**ABOUT THIS EXERCISE**
Return exactly the span of lines in the following data that opens with the line containing "Answer: 123 Aviation" and closes with the line containing "Answer: On-camera interview". Include nothing else.

**GIVEN ENTRIES**
★ ★ ★ ★

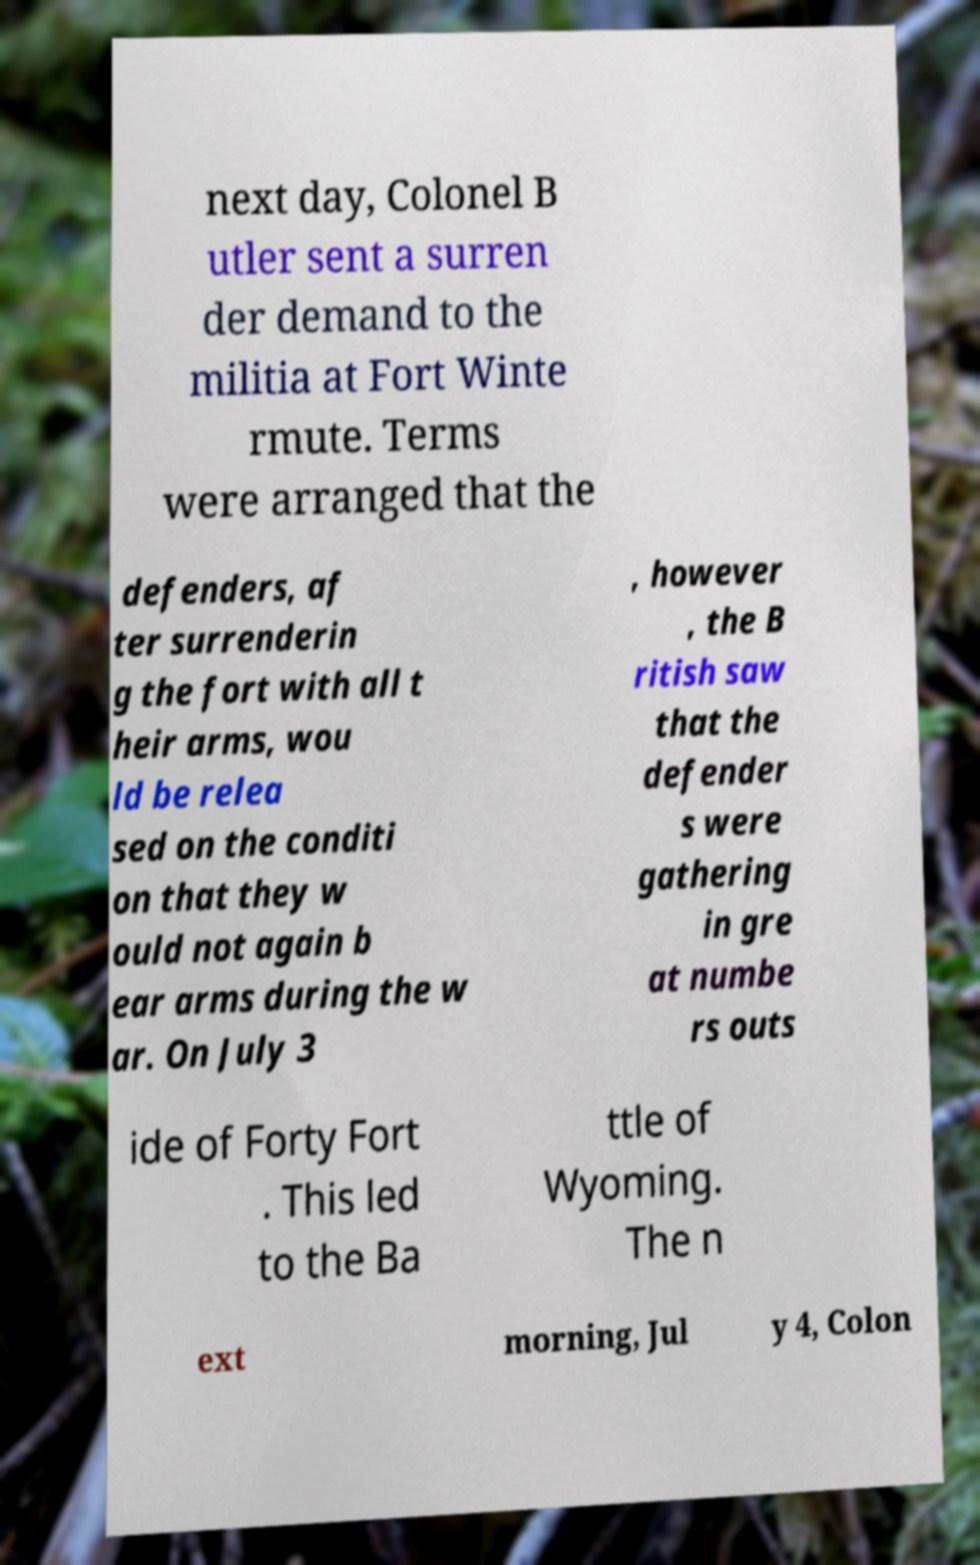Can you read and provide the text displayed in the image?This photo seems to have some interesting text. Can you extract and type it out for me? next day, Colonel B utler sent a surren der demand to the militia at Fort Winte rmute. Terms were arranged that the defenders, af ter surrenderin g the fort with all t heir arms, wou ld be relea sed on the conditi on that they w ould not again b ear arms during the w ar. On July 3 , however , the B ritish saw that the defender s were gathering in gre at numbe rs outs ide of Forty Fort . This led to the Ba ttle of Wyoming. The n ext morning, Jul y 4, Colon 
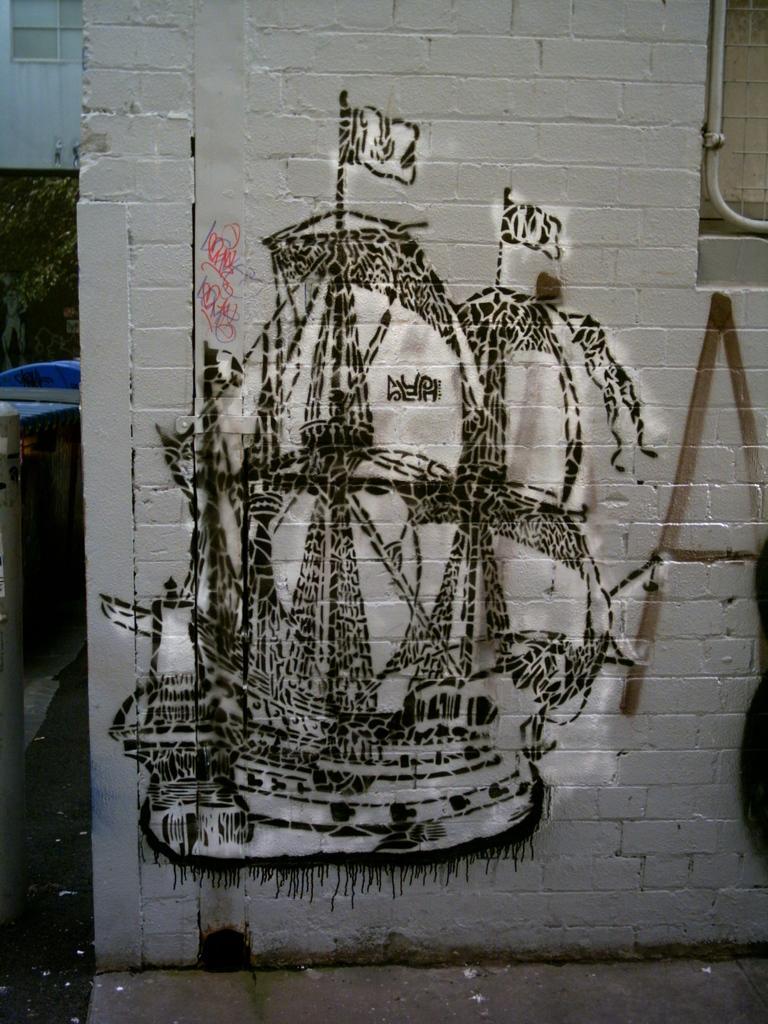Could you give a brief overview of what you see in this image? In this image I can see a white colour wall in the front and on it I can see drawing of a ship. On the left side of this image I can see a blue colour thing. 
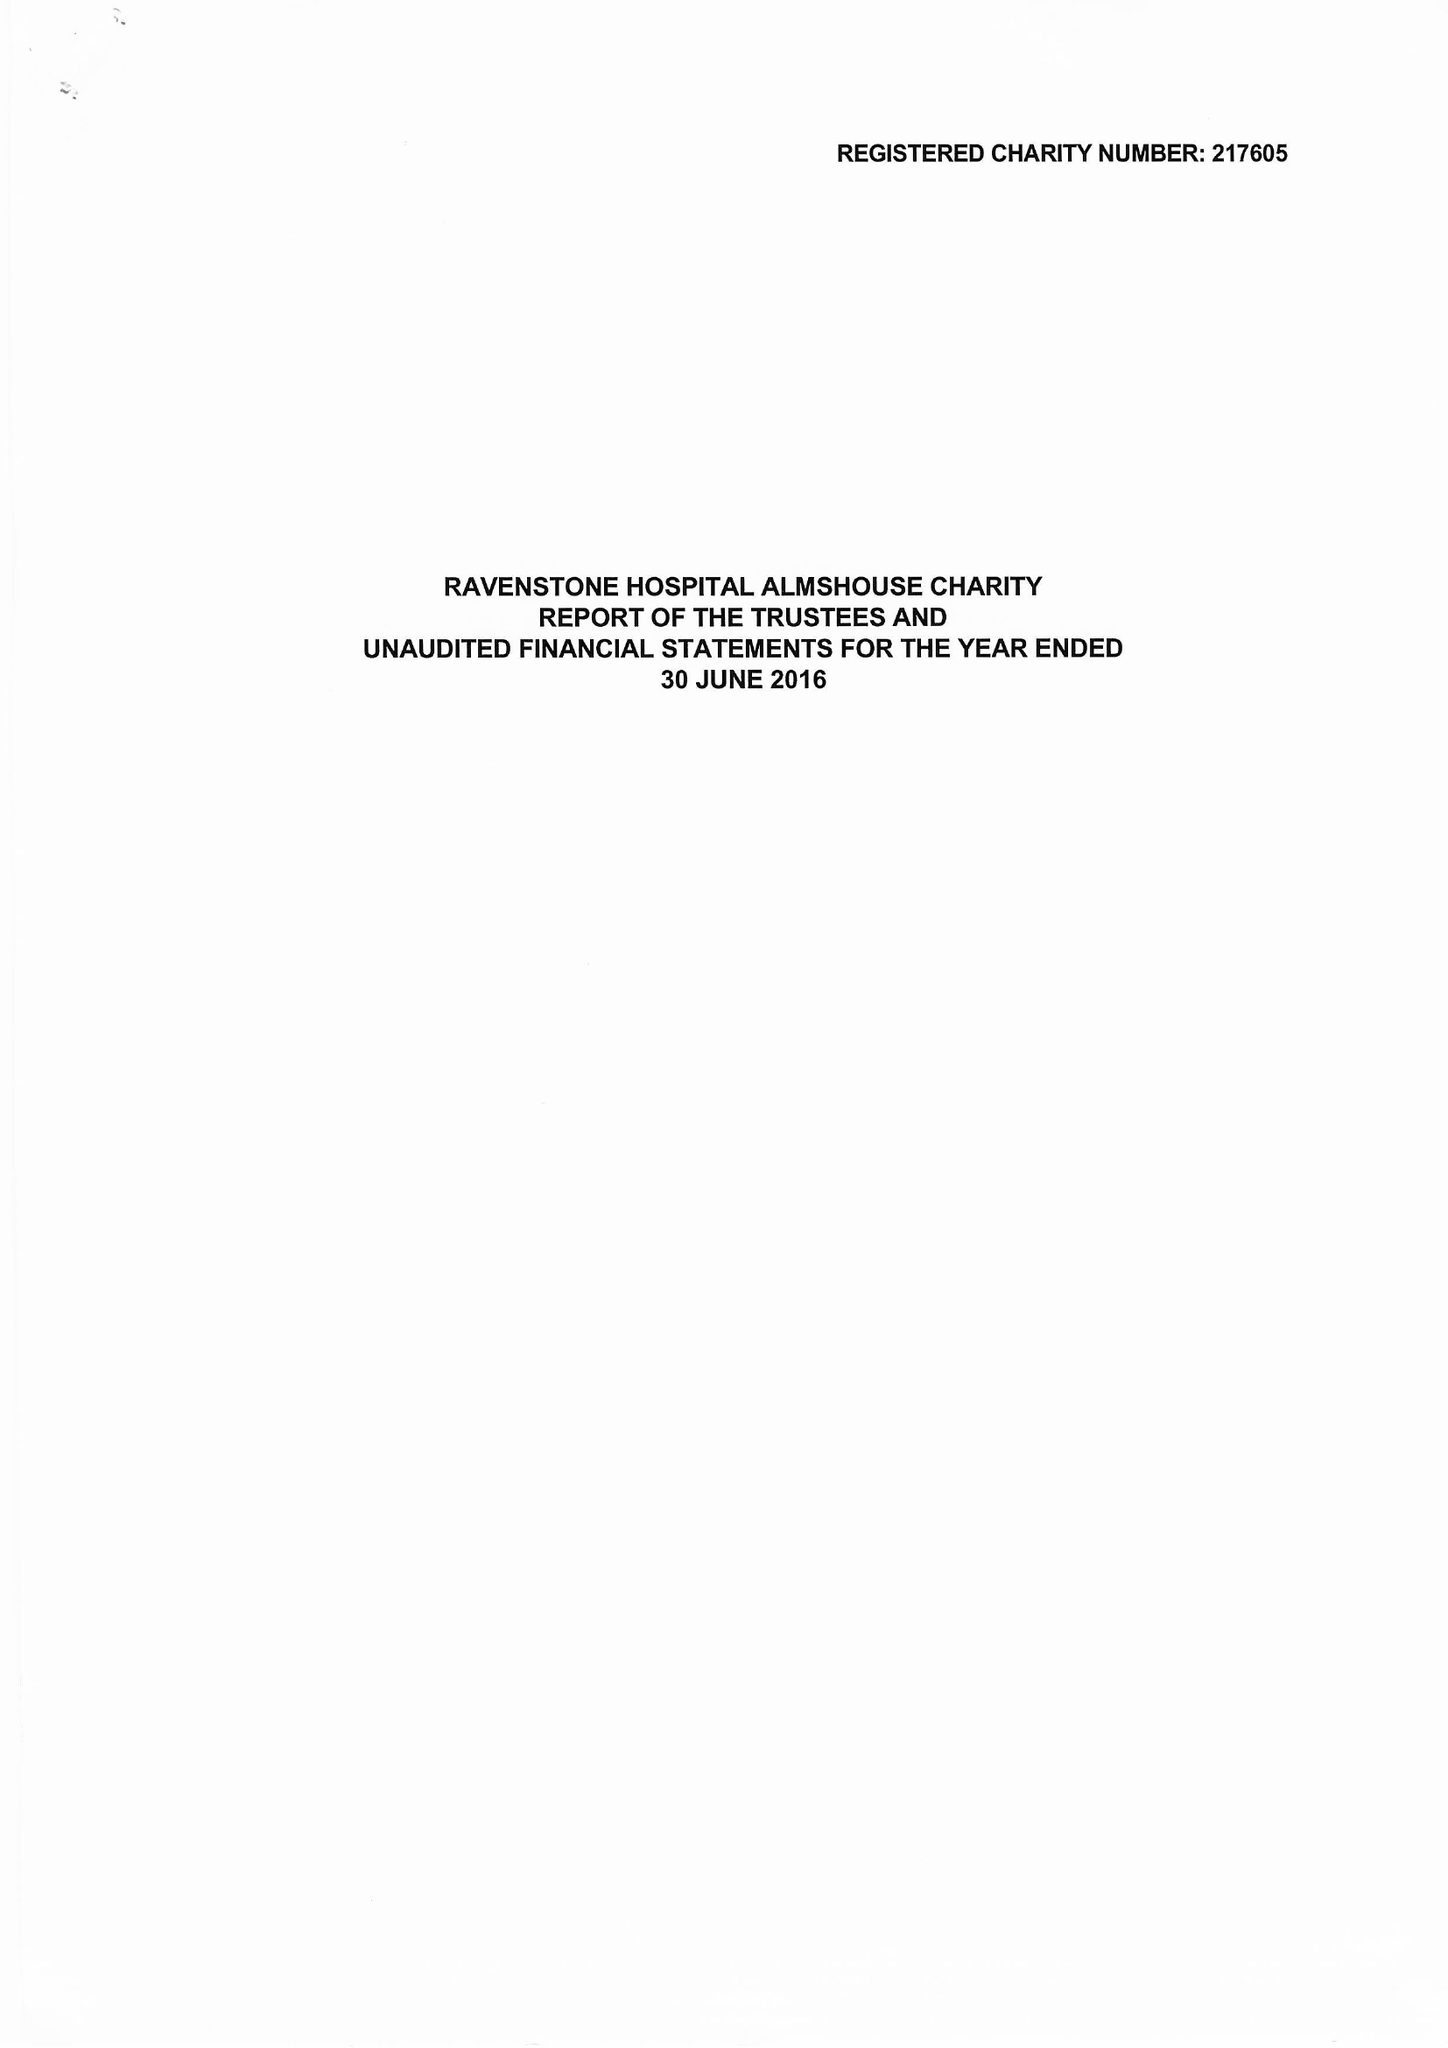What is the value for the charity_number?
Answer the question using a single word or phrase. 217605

★ ★ ★ ★

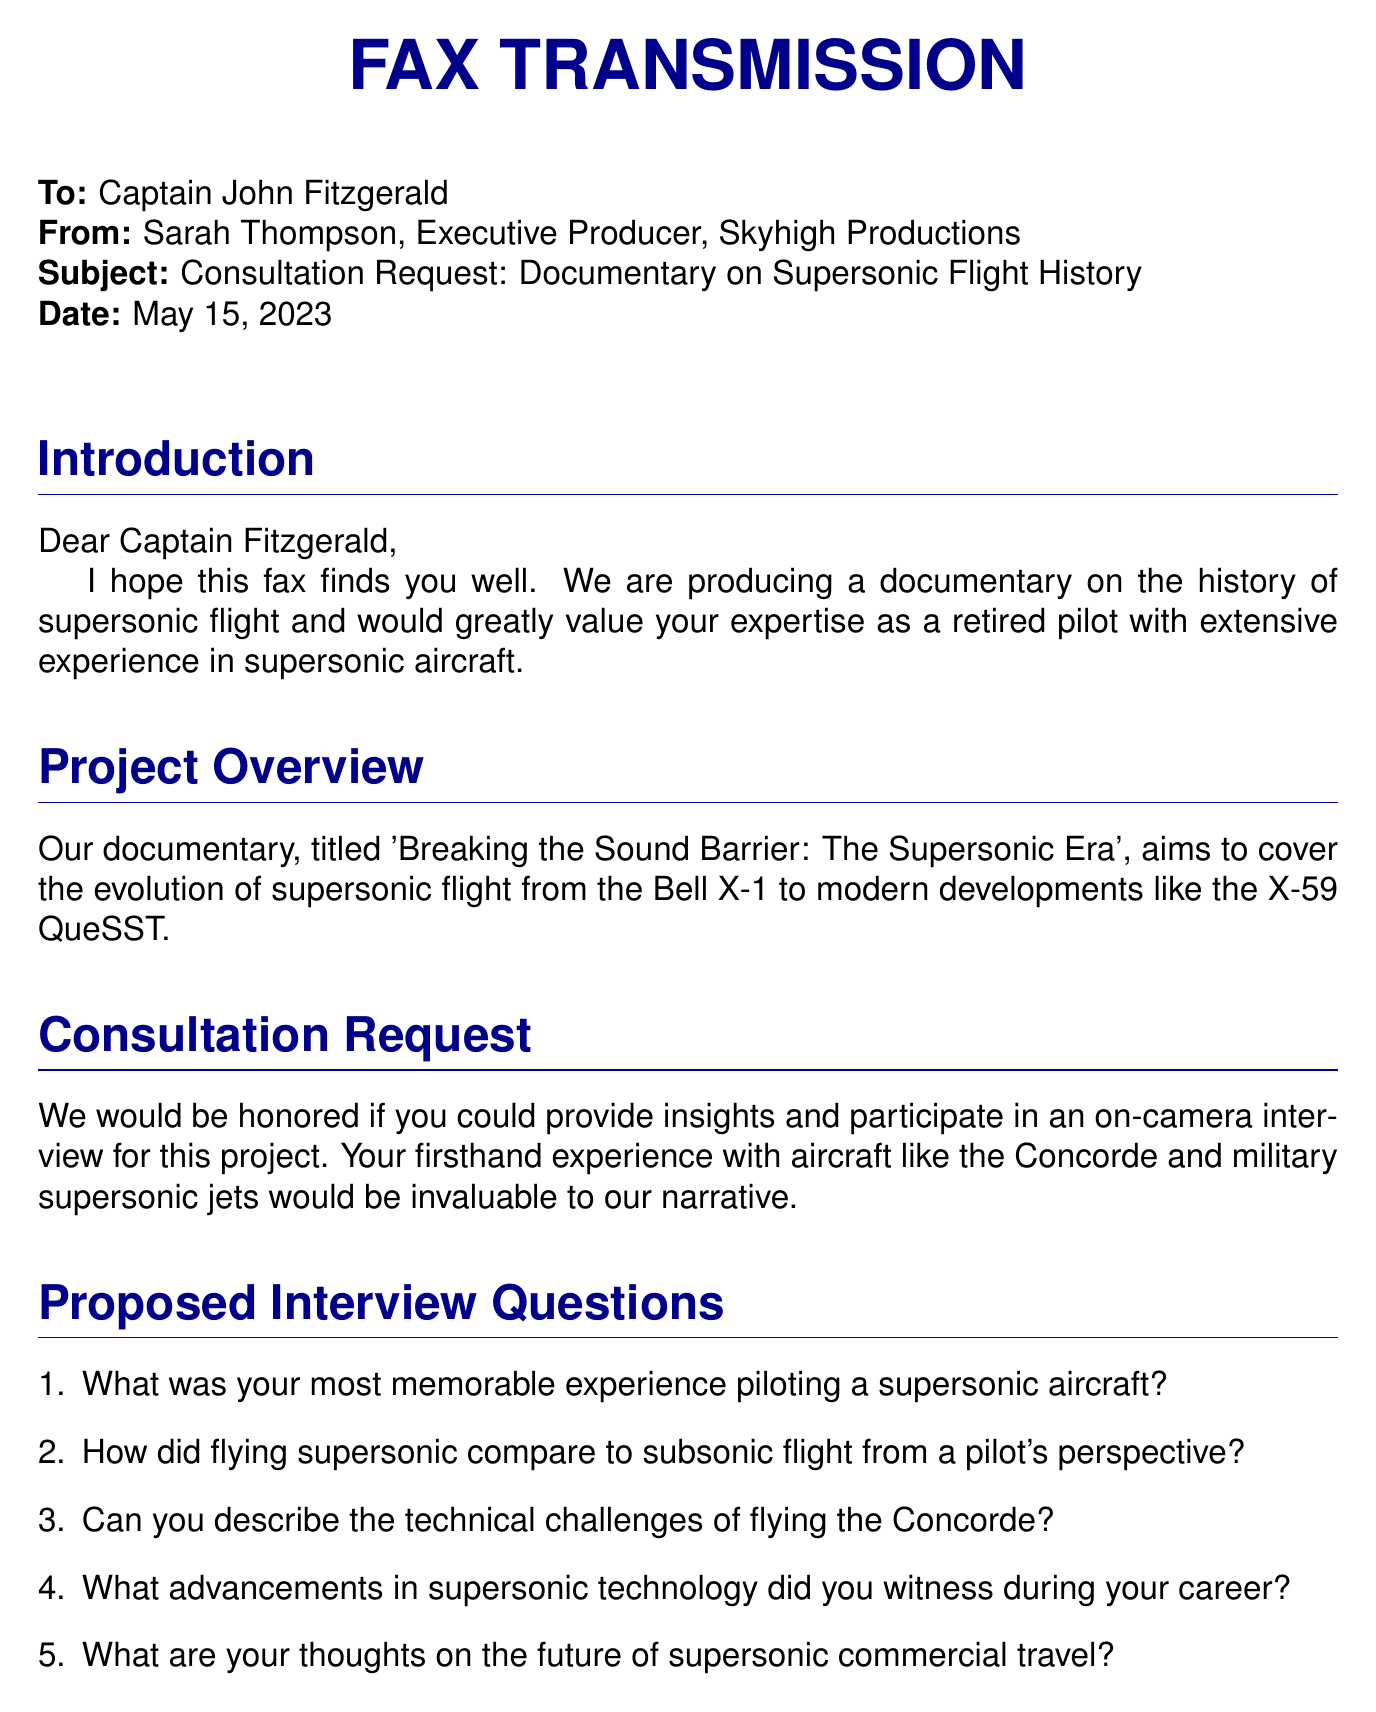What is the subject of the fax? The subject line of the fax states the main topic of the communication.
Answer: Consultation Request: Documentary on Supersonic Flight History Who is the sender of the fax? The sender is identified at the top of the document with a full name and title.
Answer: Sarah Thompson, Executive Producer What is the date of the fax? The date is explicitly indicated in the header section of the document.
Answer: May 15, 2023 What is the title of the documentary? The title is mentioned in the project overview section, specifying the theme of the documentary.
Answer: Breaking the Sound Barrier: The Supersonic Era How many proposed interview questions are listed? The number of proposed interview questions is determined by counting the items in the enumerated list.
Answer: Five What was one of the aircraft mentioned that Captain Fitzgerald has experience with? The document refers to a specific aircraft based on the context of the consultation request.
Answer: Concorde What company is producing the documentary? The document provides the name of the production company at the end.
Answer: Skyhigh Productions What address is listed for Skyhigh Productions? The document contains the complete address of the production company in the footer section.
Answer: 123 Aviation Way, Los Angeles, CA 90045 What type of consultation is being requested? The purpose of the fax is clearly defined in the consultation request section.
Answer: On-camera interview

★ ★ ★ ★

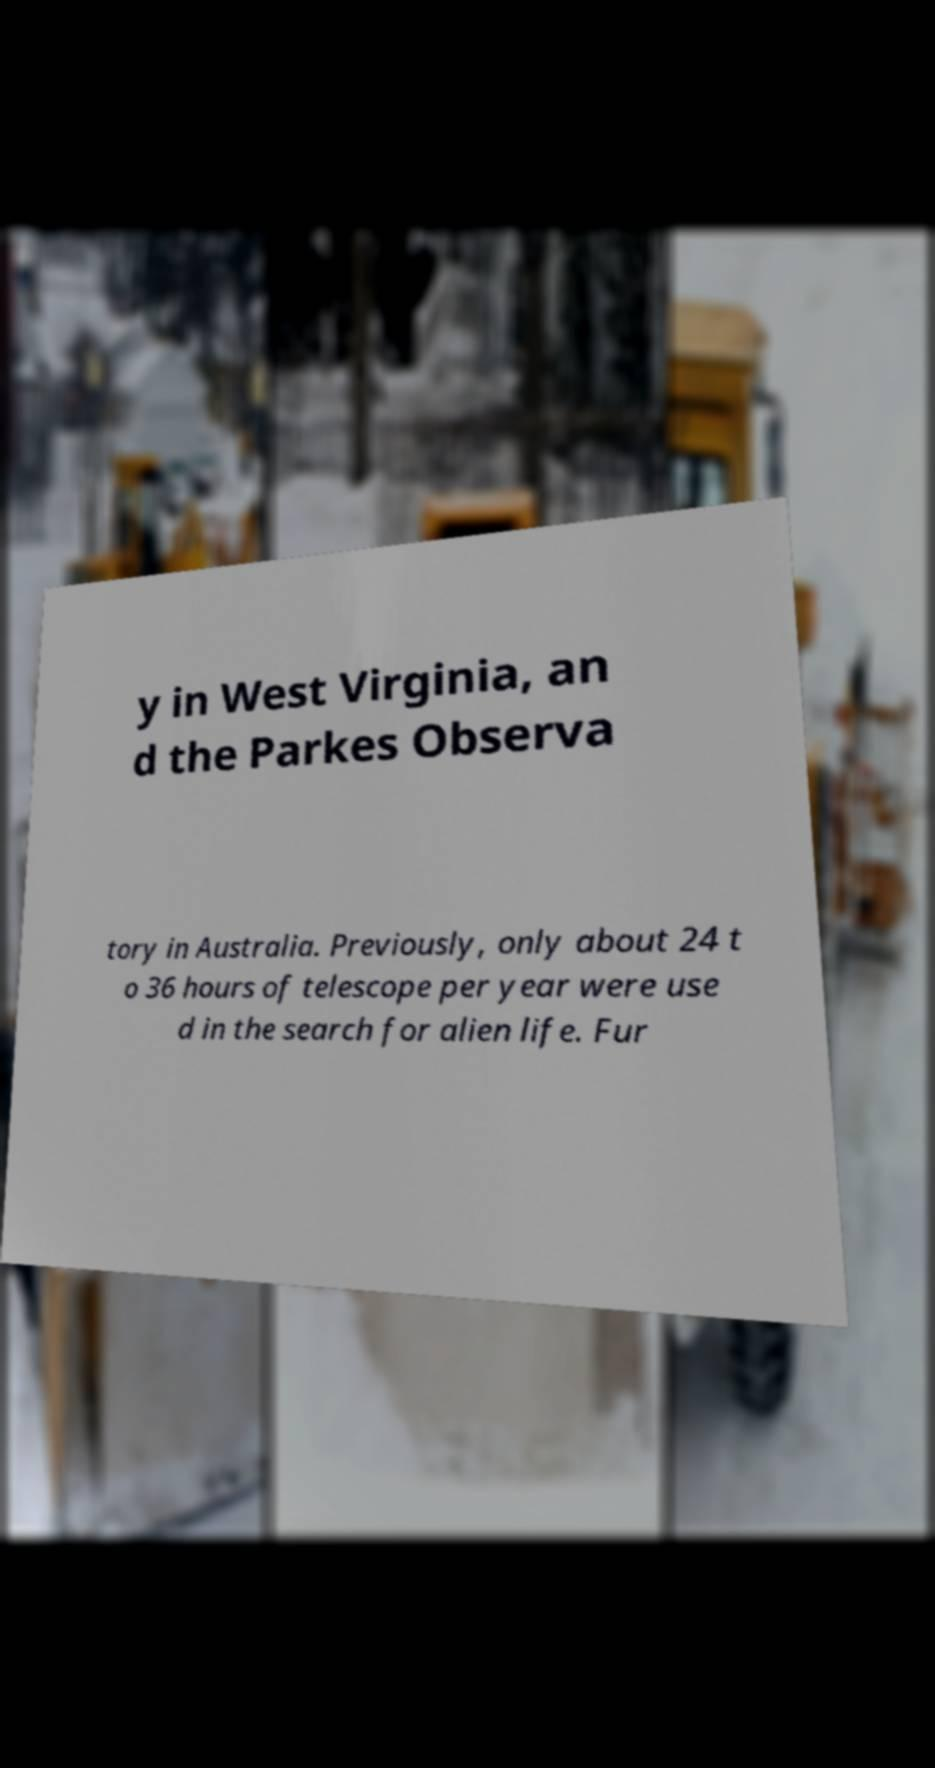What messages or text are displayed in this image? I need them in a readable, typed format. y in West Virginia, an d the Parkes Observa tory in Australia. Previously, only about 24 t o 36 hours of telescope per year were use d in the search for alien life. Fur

★ ★ ★ ★

**RESULT OF THE TASK**
Answer: 123 Aviation Way, Los Angeles, CA 90045 What type of consultation is being requested? The purpose of the fax is clearly defined in the consultation request section.
Answer: On-camera interview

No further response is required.